Prices | Household Income | Purchase Intention |
---|---|---|
5 | 7 | 7 |
6 | 5 | 6 |
7 | 4 | 5 |
8 | 6 | 5 |
9 | 3 | 3 |
10 | 3 | 4 |
3. Steps of Doing Linear Regression with Python Numpy
Below are 6 steps of using Numpy to estimate the regression coefficients in linear regression models.
Step 1: Prepare the X matrix and Y vector
# Generate the X matrix
import numpy as np
X_rawdata = np.array([np.ones(6),[5,6,7,8,9,10], [7,5,4,6,3,3]])
X_matrix=X_rawdata.T
print("X Matrix:\n", X_matrix)
Output:
X Matrix: [[ 1. 5. 7.] [ 1. 6. 5.] [ 1. 7. 4.] [ 1. 8. 6.] [ 1. 9. 3.] [ 1. 10. 3.]]
# Generate the Y vector
Y_rawdata = np.array([[7,6,5,5,3,4]])
Y_vector=Y_rawdata.T
print("Y Vector:\n",Y_vector)
Output:
Y Vector: [[7] [6] [5] [5] [3] [4]]
Step 2: Calculate XT and XTX
The following Python code calculates XT.
# calculates X^T
X_matrix_T=X_matrix.transpose()
print("X Matrix Transpose:\n",X_matrix_T)
Output:
X Matrix Transpose: [[ 1. 1. 1. 1. 1. 1.] [ 5. 6. 7. 8. 9. 10.] [ 7. 5. 4. 6. 3. 3.]]

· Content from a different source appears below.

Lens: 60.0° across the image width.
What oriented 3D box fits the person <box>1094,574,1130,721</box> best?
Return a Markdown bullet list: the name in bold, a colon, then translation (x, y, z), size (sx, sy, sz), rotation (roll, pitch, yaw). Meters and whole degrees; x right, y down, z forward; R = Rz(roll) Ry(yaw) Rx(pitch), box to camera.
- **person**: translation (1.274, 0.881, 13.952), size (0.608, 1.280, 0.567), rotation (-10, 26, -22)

The following Python code calculates XT X.
# calculates X^T X
X_T_X=np.matmul(X_matrix_T,X_matrix)
print(X_T_X)
Output:
[[ 6. 45. 28.] [ 45. 355. 198.] [ 28. 198. 144.]]
Step 3: Calculate (XTX)-1
The following Python code calculates (XT X)-1.
# calculates (X^T X)^(-1)
X_T_X_Inv=np.linalg.inv(X_T_X)
print(X_T_X_Inv)
Output:
[[22.23134328 -1.74626866 -1.92164179] [-1.74626866 0.14925373 0.13432836] [-1.92164179 0.13432836 0.19589552]]

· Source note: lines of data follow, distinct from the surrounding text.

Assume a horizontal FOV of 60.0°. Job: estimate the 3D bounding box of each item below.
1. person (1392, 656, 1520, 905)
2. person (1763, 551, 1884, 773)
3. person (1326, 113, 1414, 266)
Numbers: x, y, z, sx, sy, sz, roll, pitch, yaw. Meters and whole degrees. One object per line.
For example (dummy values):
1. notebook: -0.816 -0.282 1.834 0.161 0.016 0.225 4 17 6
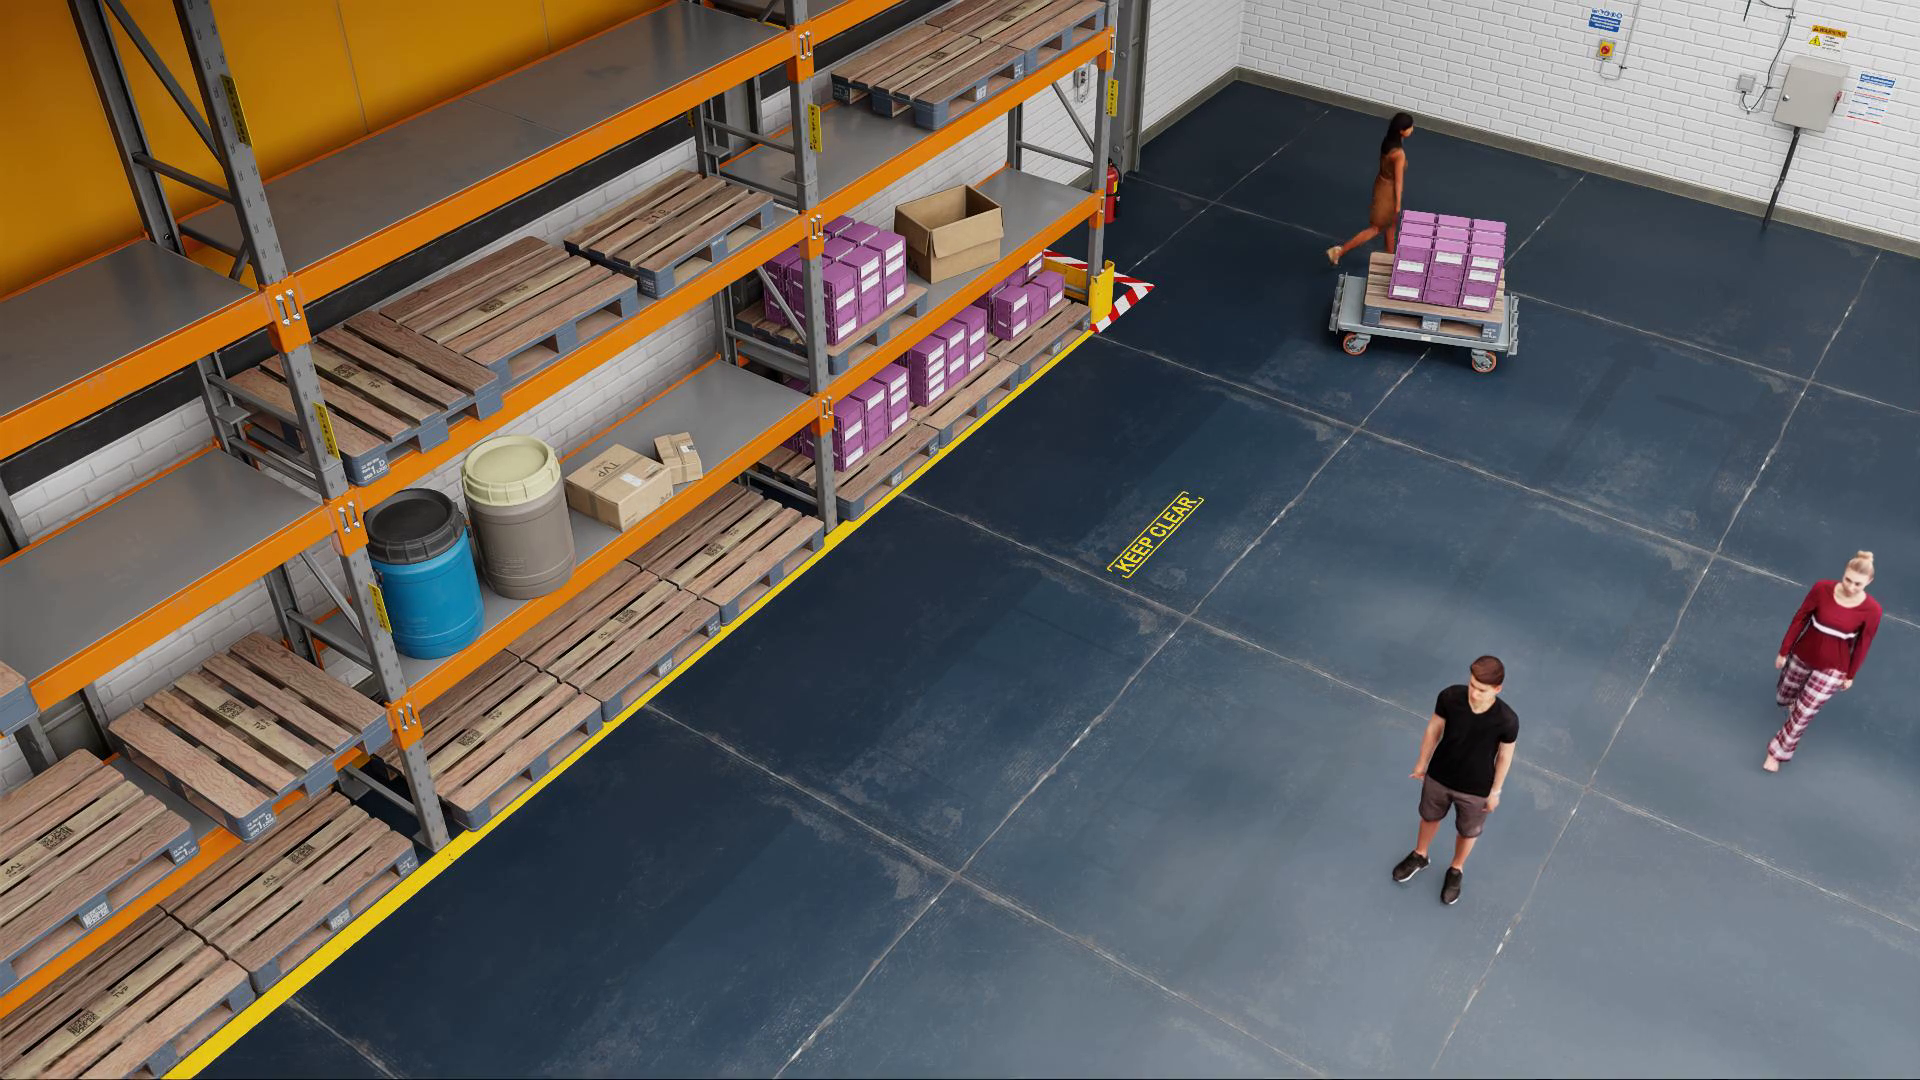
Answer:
1. person: 2.986 1.389 9.859 0.675 1.861 0.538 24 44 27
2. person: 5.599 0.745 10.809 0.651 1.682 0.905 25 45 28
3. person: 3.989 -3.247 15.820 1.010 1.665 1.032 -2 39 -2

Step 4: Calculate (XTX)-1XTY
The following code calculates (XTX)-1XTY.
# calculates (X^T X)^(-1) X^T Y
X_T_X_Inv@X_matrix_T@Y_vector
Output:
array([[ 6.73880597], [-0.44776119], [ 0.34701493]])

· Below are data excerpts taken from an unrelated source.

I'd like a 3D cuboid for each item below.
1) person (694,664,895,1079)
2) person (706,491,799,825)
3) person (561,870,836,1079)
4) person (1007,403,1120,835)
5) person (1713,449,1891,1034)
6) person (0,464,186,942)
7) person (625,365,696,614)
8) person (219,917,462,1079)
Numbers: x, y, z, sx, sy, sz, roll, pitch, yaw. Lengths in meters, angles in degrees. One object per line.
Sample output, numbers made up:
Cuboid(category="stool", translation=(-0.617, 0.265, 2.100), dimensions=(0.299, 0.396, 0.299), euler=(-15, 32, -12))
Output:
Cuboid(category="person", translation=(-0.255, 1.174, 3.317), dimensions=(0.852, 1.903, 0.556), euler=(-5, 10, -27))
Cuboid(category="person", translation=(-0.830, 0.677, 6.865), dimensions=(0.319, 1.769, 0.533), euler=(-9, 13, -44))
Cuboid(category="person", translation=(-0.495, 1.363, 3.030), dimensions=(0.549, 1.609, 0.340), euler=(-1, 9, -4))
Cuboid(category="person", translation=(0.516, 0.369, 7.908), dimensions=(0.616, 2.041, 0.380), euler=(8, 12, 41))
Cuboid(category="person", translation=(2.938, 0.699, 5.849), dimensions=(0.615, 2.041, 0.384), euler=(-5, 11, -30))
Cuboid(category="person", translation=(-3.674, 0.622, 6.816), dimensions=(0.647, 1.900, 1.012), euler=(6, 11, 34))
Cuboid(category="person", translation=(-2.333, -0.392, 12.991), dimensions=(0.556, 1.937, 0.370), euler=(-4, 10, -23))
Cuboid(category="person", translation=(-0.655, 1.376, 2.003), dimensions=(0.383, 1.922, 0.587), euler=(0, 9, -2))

Step 5: Write out the linear regression model
We can see 𝑏₀ = 6.73, 𝑏₁ = -0.45, and b2 =0.35. We can write the estimated regression function below.
\[f(x)=b_0 +b_1x_1+b_2x_2=6.73-0.45Price+0.35Household Income\]
Step 6. Use numpy.linalg.lstsq to verify
We can use the Numpy function numpy.linalg.lstsq
to verify our calculation above. Below is the Python code for linear regression regression model.
# Use numpy.linalg.lstsq to verify
results=np.linalg.lstsq(X_matrix, Y_vector, rcond=None)[0]
print(results)
Output:
[[ 6.73880597] [-0.44776119] [ 0.34701493]]
As we can see, it is exactly the same as matrix calculation method shown above. Thus, we know that we did it correctly by using the matrix method.
4. Conclusion
This tutorial shows how you can conduct linear regression using Python Numpy from scratch. Thus, we do not need to use any built-in function to do linear regression. Further, we also used numpy.linalg.lstsq to verify our Numpy method, and the result confirmed that our Numpy code was correct.